FAQ

What does a dermatologist do?

A dermatologist is a doctor who specializes in the diagnosis and treatment of diseases of the skin, hair, nails and mucous membranes. Dermatologists treat a wide variety of conditions, including skin cancers, moles, warts, infections, psoriasis, acne, skin rashes, hair loss, and nail changes. Dermatologists are also trained as skin surgeons and can perform excisions of benign and cancerous lesions, biopsies, and laser surgery.

What kind of training do dermatologists go through?

As medical specialists, dermatologists go through an extensive training program. It involves completion of four years of medical school to earn an MD or DO degree, followed by a one year internship and three years of specialty training in dermatology. Dermatologists receive board certification only after completing their training and passing a challenging board certification exam. Continued medical education classes, training modules, and recertification exams are required to maintain board certification. In order to have the utmost quality of care, it is important to look for a board-certified dermatologist to meet your skin care needs.

What should I expect during my first visit?

After examining your records and information that has been supplied to us, your dermatologist will conduct a thorough skin examination, followed by making a diagnosis and discussing your detailed treatment plan. It is very important that you bring a list all medications that you take, including pills, creams, vitamins, including over-the-counter medications. Also bring a list of medications you have tried previously to treat your condition. It also helps to bring products that you have been using on your skin so that we can better tailor your regimen. We encourage you to ask questions, and we will be glad to address any concerns you may have.

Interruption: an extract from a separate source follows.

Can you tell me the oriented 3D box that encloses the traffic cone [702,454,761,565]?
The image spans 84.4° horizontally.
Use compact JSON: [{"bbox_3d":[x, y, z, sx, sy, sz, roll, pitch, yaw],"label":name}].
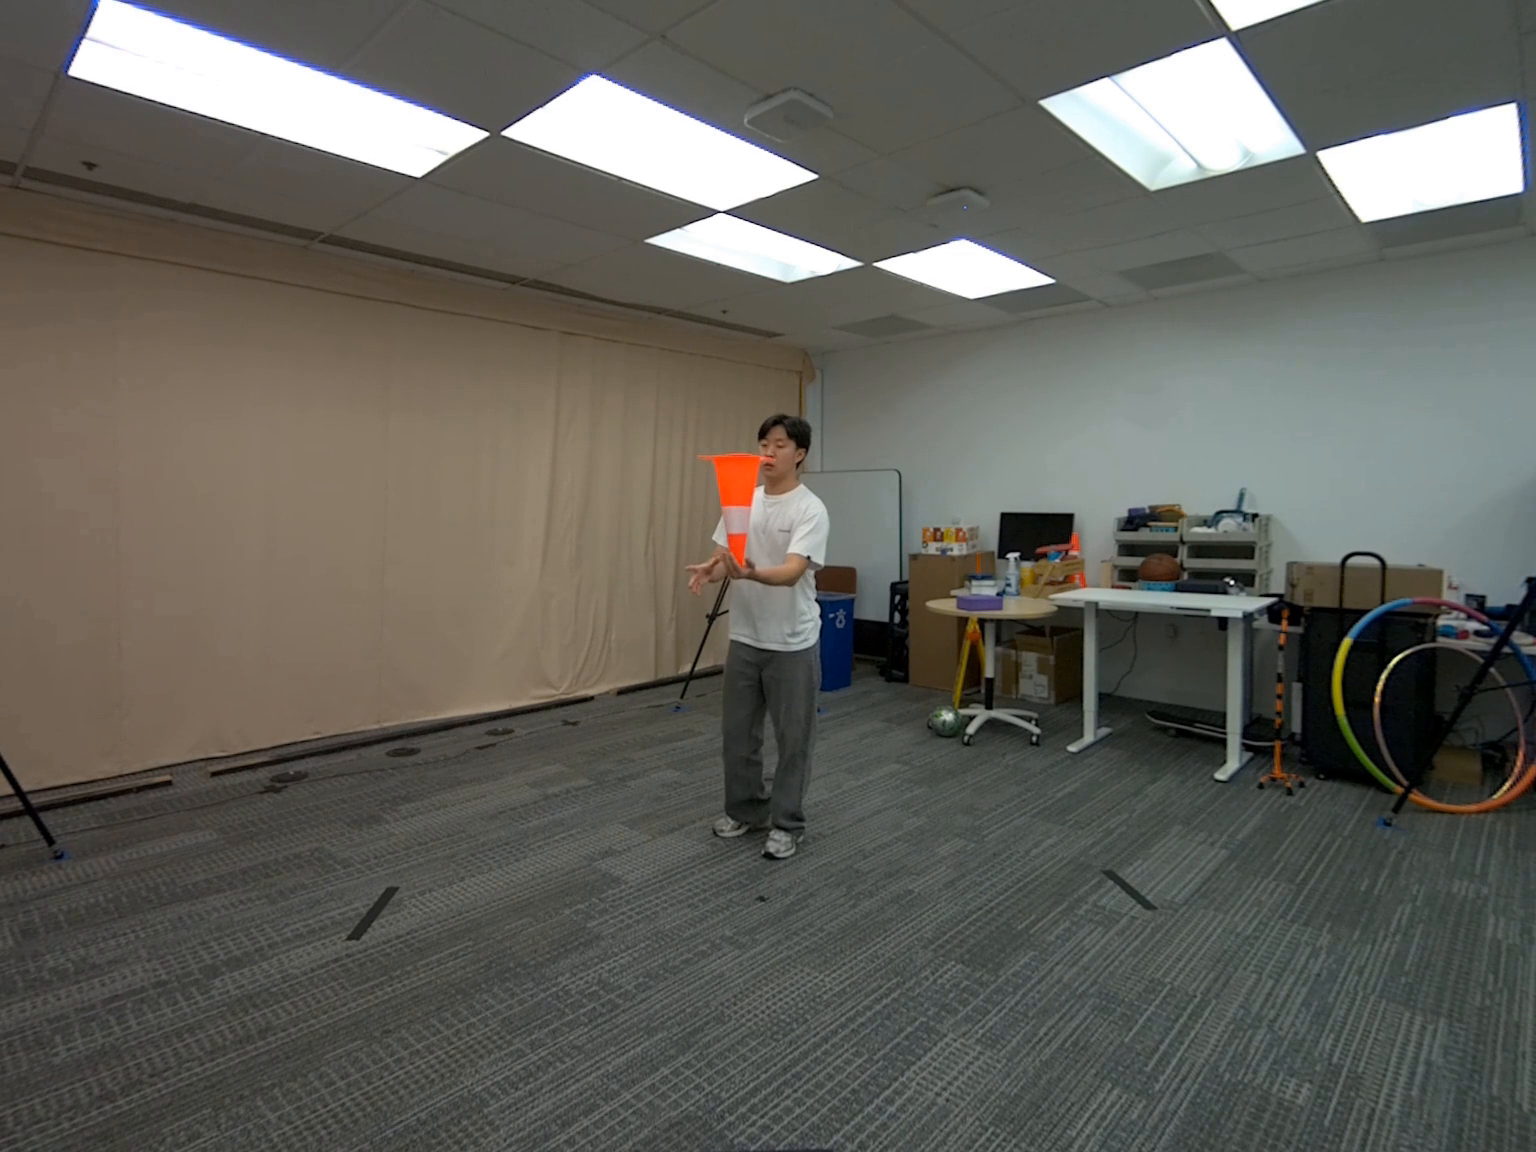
[{"bbox_3d":[-0.099,-0.206,2.860,0.210,0.383,0.198,1,2,42],"label":"traffic cone"}]

What conditions can dermatology treat?

Dermatologists treat a wide range of conditions affecting the skin, hair and nails, including, but not limited to, acne, psoriasis, rosacea, skin cancer, wrinkles, sun spots, pigmentation problems, warts, rashes, bacterial or fungal skin and nail infections, spider and varicose veins, and sun damage. If you have a skin-related problem, a board-certified dermatologist is the best choice for lasting, effective treatment. Review our services offered for more detailed information.

How much do dermatologic treatments cost?

As with any medical treatment, costs vary, depending upon the scale and severity of the condition, as well as the treatment method. However, many medical dermatology treatments may be covered under insurance plans, and we do our best to recommend the most cost-effective treatment regimen. Cosmetic treatments are not covered by insurance.

Do I need a referral to see a dermatologist?

If you would like to have a consultation, simply contact us and we will schedule a convenient appointment time for you. We can also check to see whether we can accept your insurance plan. Please note, however, that insurance policies vary and a referral may be necessary for insurance to cover some forms of treatment. If you have questions on what procedures are covered, you should contact your insurance company directly. For those patients whose insurance cannot be accepted, we also offer a flat consultation fee option, as well as a schedule of fees for any services that may need to be rendered.

What should I bring to my appointment?

  • Completed new patient paperwork (will expedite your appointment). If you cannot complete ahead of time, please arrive 15-20 minutes prior to your appointment time.
  • A concise list of 1-3 concerns that you would like to address with the dermatologist.
  • A list of all medications that are currently used. This may include prescription medications, over-the-counter medications, vitamins, herbal/homeopathy treatments, and hormonal therapies.
  • A list of products used currently and previously on the skin, particularly those used to address your specific condition. Please don’t forget to include both over-the-counter and prescription medications.